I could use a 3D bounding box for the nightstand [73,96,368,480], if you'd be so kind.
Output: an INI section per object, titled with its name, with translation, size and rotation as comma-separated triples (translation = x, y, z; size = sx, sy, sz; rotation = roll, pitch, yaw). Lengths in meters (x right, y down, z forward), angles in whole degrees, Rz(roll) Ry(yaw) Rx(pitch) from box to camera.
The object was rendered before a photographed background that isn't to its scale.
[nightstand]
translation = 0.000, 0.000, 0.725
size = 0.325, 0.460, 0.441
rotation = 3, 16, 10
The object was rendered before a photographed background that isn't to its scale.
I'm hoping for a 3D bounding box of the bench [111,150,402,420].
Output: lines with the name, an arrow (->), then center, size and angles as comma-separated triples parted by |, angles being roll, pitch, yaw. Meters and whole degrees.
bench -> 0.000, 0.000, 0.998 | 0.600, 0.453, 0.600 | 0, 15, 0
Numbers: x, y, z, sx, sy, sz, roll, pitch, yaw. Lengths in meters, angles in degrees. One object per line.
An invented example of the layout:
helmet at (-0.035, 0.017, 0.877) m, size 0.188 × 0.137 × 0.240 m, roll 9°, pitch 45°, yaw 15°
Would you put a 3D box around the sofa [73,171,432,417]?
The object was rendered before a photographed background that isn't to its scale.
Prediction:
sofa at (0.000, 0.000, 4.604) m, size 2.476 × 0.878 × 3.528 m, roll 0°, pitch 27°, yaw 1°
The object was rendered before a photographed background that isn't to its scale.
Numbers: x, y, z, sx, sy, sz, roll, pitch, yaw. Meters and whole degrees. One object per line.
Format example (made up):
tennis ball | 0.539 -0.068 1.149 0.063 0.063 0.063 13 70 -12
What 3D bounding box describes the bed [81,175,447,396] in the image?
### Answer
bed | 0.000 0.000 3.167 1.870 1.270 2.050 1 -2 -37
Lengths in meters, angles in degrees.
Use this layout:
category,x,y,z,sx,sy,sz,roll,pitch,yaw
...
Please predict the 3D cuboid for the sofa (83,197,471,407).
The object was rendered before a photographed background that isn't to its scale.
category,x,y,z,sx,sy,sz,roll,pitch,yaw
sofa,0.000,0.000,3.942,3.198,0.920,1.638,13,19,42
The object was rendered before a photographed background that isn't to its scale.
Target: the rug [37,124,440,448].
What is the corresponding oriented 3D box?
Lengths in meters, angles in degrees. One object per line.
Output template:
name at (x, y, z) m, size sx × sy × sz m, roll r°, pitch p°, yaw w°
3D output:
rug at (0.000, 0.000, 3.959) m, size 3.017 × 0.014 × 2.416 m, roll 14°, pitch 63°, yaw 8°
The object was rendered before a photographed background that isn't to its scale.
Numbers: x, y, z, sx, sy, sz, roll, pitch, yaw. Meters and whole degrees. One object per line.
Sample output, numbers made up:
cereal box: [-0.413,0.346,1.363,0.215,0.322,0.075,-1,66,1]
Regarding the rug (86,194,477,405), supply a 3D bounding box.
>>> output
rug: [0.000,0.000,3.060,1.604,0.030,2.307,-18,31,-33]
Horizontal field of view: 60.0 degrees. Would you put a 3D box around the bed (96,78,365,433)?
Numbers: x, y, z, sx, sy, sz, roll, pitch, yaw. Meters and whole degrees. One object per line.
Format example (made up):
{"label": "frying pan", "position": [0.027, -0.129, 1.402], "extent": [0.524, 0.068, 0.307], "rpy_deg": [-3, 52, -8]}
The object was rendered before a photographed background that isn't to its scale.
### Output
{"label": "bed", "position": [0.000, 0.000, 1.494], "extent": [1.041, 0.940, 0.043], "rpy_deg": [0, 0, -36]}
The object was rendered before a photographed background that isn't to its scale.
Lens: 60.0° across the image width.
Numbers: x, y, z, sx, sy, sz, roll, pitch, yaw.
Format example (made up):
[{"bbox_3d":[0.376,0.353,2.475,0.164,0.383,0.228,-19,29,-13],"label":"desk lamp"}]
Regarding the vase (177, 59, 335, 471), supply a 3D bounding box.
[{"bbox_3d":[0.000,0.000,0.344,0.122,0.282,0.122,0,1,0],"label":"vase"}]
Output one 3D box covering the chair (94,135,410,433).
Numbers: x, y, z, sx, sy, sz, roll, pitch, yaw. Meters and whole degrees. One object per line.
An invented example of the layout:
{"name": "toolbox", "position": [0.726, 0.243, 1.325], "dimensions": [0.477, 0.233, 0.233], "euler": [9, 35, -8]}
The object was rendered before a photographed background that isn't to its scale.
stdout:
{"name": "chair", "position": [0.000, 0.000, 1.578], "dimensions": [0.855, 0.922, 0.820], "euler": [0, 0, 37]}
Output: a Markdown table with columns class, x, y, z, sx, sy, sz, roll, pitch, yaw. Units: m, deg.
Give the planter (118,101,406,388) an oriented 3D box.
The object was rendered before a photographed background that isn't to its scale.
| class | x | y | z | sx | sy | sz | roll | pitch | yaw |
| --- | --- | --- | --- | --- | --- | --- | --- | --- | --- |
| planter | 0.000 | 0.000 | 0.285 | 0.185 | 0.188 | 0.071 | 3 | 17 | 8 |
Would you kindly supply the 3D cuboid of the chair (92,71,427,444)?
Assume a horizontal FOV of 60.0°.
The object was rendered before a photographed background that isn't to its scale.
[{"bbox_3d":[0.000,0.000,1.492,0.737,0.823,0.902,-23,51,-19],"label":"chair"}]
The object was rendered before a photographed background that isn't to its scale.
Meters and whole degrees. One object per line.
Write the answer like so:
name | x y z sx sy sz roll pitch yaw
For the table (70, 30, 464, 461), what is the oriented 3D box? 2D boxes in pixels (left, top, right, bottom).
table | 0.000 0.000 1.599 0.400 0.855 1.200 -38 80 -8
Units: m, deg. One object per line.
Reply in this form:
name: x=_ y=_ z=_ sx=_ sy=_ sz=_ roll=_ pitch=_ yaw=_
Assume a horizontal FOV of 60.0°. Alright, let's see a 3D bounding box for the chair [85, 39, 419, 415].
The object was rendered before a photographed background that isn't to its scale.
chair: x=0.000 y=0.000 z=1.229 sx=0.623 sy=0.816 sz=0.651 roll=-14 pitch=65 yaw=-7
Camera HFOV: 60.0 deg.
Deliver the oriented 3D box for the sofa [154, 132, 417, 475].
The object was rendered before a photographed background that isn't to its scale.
****
Write out every entry again, exactly as it appears.

**Expected output**
I could use a 3D bounding box for the nightstand [73,96,368,480], if you'd be so kind.
Output: an INI section per object, titled with its name, with translation, size and rotation as comma-separated triples (translation = x, y, z; size = sx, sy, sz; rotation = roll, pitch, yaw). Lengths in meters (x right, y down, z forward), angles in whole degrees, Rz(roll) Ry(yaw) Rx(pitch) from box to camera.
The object was rendered before a photographed background that isn't to its scale.
[nightstand]
translation = 0.000, 0.000, 0.725
size = 0.325, 0.460, 0.441
rotation = 3, 16, 10
The object was rendered before a photographed background that isn't to its scale.
I'm hoping for a 3D bounding box of the bench [111,150,402,420].
Output: lines with the name, an arrow (->), then center, size and angles as comma-separated triples parted by |, angles being roll, pitch, yaw. Meters and whole degrees.
bench -> 0.000, 0.000, 0.998 | 0.600, 0.453, 0.600 | 0, 15, 0
Numbers: x, y, z, sx, sy, sz, roll, pitch, yaw. Lengths in meters, angles in degrees. One object per line.
An invented example of the layout:
helmet at (-0.035, 0.017, 0.877) m, size 0.188 × 0.137 × 0.240 m, roll 9°, pitch 45°, yaw 15°
Would you put a 3D box around the sofa [73,171,432,417]?
The object was rendered before a photographed background that isn't to its scale.
Prediction:
sofa at (0.000, 0.000, 4.604) m, size 2.476 × 0.878 × 3.528 m, roll 0°, pitch 27°, yaw 1°
The object was rendered before a photographed background that isn't to its scale.
Numbers: x, y, z, sx, sy, sz, roll, pitch, yaw. Meters and whole degrees. One object per line.
Format example (made up):
tennis ball | 0.539 -0.068 1.149 0.063 0.063 0.063 13 70 -12
What 3D bounding box describes the bed [81,175,447,396] in the image?
### Answer
bed | 0.000 0.000 3.167 1.870 1.270 2.050 1 -2 -37
Lengths in meters, angles in degrees.
Use this layout:
category,x,y,z,sx,sy,sz,roll,pitch,yaw
...
Please predict the 3D cuboid for the sofa (83,197,471,407).
The object was rendered before a photographed background that isn't to its scale.
category,x,y,z,sx,sy,sz,roll,pitch,yaw
sofa,0.000,0.000,3.942,3.198,0.920,1.638,13,19,42
The object was rendered before a photographed background that isn't to its scale.
Target: the rug [37,124,440,448].
What is the corresponding oriented 3D box?
Lengths in meters, angles in degrees. One object per line.
Output template:
name at (x, y, z) m, size sx × sy × sz m, roll r°, pitch p°, yaw w°
3D output:
rug at (0.000, 0.000, 3.959) m, size 3.017 × 0.014 × 2.416 m, roll 14°, pitch 63°, yaw 8°
The object was rendered before a photographed background that isn't to its scale.
Numbers: x, y, z, sx, sy, sz, roll, pitch, yaw. Meters and whole degrees. One object per line.
Sample output, numbers made up:
cereal box: [-0.413,0.346,1.363,0.215,0.322,0.075,-1,66,1]
Regarding the rug (86,194,477,405), supply a 3D bounding box.
>>> output
rug: [0.000,0.000,3.060,1.604,0.030,2.307,-18,31,-33]
Horizontal field of view: 60.0 degrees. Would you put a 3D box around the bed (96,78,365,433)?
Numbers: x, y, z, sx, sy, sz, roll, pitch, yaw. Meters and whole degrees. One object per line.
Format example (made up):
{"label": "frying pan", "position": [0.027, -0.129, 1.402], "extent": [0.524, 0.068, 0.307], "rpy_deg": [-3, 52, -8]}
The object was rendered before a photographed background that isn't to its scale.
### Output
{"label": "bed", "position": [0.000, 0.000, 1.494], "extent": [1.041, 0.940, 0.043], "rpy_deg": [0, 0, -36]}
The object was rendered before a photographed background that isn't to its scale.
Lens: 60.0° across the image width.
Numbers: x, y, z, sx, sy, sz, roll, pitch, yaw.
Format example (made up):
[{"bbox_3d":[0.376,0.353,2.475,0.164,0.383,0.228,-19,29,-13],"label":"desk lamp"}]
Regarding the vase (177, 59, 335, 471), supply a 3D bounding box.
[{"bbox_3d":[0.000,0.000,0.344,0.122,0.282,0.122,0,1,0],"label":"vase"}]
Output one 3D box covering the chair (94,135,410,433).
Numbers: x, y, z, sx, sy, sz, roll, pitch, yaw. Meters and whole degrees. One object per line.
An invented example of the layout:
{"name": "toolbox", "position": [0.726, 0.243, 1.325], "dimensions": [0.477, 0.233, 0.233], "euler": [9, 35, -8]}
The object was rendered before a photographed background that isn't to its scale.
stdout:
{"name": "chair", "position": [0.000, 0.000, 1.578], "dimensions": [0.855, 0.922, 0.820], "euler": [0, 0, 37]}
Output: a Markdown table with columns class, x, y, z, sx, sy, sz, roll, pitch, yaw. Units: m, deg.
Give the planter (118,101,406,388) an oriented 3D box.
The object was rendered before a photographed background that isn't to its scale.
| class | x | y | z | sx | sy | sz | roll | pitch | yaw |
| --- | --- | --- | --- | --- | --- | --- | --- | --- | --- |
| planter | 0.000 | 0.000 | 0.285 | 0.185 | 0.188 | 0.071 | 3 | 17 | 8 |
Would you kindly supply the 3D cuboid of the chair (92,71,427,444)?
Assume a horizontal FOV of 60.0°.
The object was rendered before a photographed background that isn't to its scale.
[{"bbox_3d":[0.000,0.000,1.492,0.737,0.823,0.902,-23,51,-19],"label":"chair"}]
The object was rendered before a photographed background that isn't to its scale.
Meters and whole degrees. One object per line.
Write the answer like so:
name | x y z sx sy sz roll pitch yaw
For the table (70, 30, 464, 461), what is the oriented 3D box? 2D boxes in pixels (left, top, right, bottom).
table | 0.000 0.000 1.599 0.400 0.855 1.200 -38 80 -8
Units: m, deg. One object per line.
Reply in this form:
name: x=_ y=_ z=_ sx=_ sy=_ sz=_ roll=_ pitch=_ yaw=_
Assume a horizontal FOV of 60.0°. Alright, let's see a 3D bounding box for the chair [85, 39, 419, 415].
The object was rendered before a photographed background that isn't to its scale.
chair: x=0.000 y=0.000 z=1.229 sx=0.623 sy=0.816 sz=0.651 roll=-14 pitch=65 yaw=-7
Camera HFOV: 60.0 deg.
Deliver the oriented 3D box for the sofa [154, 132, 417, 475].
The object was rendered before a photographed background that isn't to its scale.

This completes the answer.